Hallo Progammiergemeinde!

Ich habe ein kleines Problem. Ich arbeite an einer Client/Server-Anwendung mit C# und ASP.NET. Mit C# habe ich eine dll generiert. Das unangenehme daran ist, dass ich diese dll nicht registrieren kann . Sie wird geladen, aber nicht registriert. Folgende Fehlermeldung erscheint nach dem Aufruf von regsvr32:

"x.dll wurde geladen, aber der DllRegisterServer-Eingangspunkt wurde nicht gefunden.
Diese Datei kann nicht registriert werden."

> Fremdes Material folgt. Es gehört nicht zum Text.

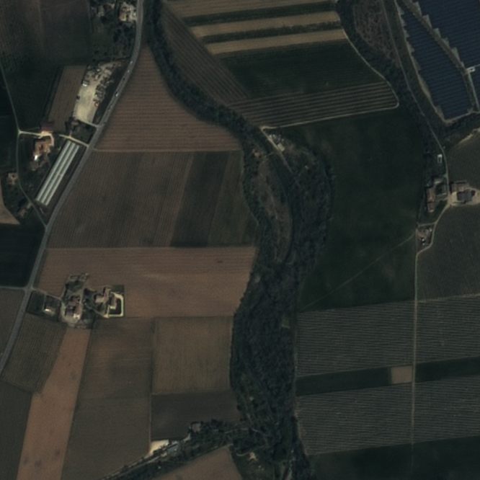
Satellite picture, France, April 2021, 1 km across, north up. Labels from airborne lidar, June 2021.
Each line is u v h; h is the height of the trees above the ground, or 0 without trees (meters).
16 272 0
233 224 0
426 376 0
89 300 6
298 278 17
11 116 0
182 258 0
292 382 20
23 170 0
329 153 0
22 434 0
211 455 0
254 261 0
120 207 0
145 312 0
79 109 0
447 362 0
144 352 0
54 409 0
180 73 28
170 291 0
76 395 0
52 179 0
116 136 0
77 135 12
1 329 0
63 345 0
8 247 0
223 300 0
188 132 0
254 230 0
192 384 0
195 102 9
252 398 0
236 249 0
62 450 0
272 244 10
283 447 7
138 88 0
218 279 0
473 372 0
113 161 0
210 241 0
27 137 0
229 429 6
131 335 0
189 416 0
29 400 0
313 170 9
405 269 0
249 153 12
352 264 0
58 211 0
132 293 0
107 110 0
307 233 15
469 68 0
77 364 0
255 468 0
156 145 0
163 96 0
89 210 0
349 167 0
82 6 0
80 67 0
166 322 0
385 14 0
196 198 0
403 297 0
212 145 0
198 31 0
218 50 0
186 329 0
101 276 0
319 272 0
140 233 0
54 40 0
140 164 0
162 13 18
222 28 0
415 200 0
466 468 0
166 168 0
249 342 24
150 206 0
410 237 0
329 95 6
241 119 7
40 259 0
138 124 0
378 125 0
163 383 0
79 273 0
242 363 18
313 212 0
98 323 0
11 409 0
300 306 0
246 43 0
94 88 0
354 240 0
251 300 17
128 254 0
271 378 7
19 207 7
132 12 0
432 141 10
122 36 11
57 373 0
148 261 0
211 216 0
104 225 0
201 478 0
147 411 0
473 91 0
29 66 0
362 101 6
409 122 0
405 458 0
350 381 0
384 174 0
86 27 0
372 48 7
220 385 0
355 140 0
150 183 0
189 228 0
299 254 20
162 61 16
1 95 0
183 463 14
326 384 0
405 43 7
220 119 13
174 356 0
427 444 0
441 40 0
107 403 0
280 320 11
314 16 0
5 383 0
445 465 0
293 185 13
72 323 0
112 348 0
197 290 0
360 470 0
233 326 8
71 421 0
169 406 0
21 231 0
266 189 0
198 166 0
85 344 0
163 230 0
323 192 13
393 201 0
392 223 0
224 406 0
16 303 0
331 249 0
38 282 0
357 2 7
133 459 0
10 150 0
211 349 0
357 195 0
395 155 0
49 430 0
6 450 0
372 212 0
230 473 0
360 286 0
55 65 0
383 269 0
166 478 0
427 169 7
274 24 0
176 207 0
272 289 30
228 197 0
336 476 0
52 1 0
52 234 0
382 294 0
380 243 0
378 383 0
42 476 0
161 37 25
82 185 0
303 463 13
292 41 0
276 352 14
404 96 13
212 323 0
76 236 0
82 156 0
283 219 7
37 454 0
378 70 16
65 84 0
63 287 0
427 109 6
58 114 0
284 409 31
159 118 0
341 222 0
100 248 0
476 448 0
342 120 0
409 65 6
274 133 8
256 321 12
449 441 0
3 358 0
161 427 0
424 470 0
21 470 0
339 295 0
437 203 0
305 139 0
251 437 9
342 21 14
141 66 0
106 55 6
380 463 0
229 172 0
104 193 0
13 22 6
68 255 0

Die dll sollte eigentlich funktionieren und es greift auch kein Programm im Hintergrund darauf zu, sie kommt direkt frisch vom compile.

Hilfe - was tun?

eine völlig verzweifelte und frustrierte
miles


----------



## Dario Linsky (24. Juni 2003)

Hast Du auf dem Zielrechner das .NET-Framework installiert?
Wenn ja, dann solltest Du trotzdem einfach mal versuchen, die DLL zu benutzen. Meiner Erfahrung nach zickt regsvr32 manchmal mit solchen Meldungen etwas rum, obwohl die Datei eigentlich registriert wurde.


----------



## miles (24. Juni 2003)

Jaja, das Framework ist installiert, er Zielrechner ist momentan noch der Entwicklungsrechner .

Ich weiß leider echt nicht, woran es sonst liegen könnte .
Die dll funktioniert auf anderen Rechnern mit beinahe den selben SQL-Statements perfekt :/.


----------



## miles (26. Juni 2003)

*Ich Dummerchen!*

Ich bin ja auch wirklich zu blöd. C# Dlls braucht man nicht händisch zu registrieren! *ggg*

Also: Problem gelöst


----------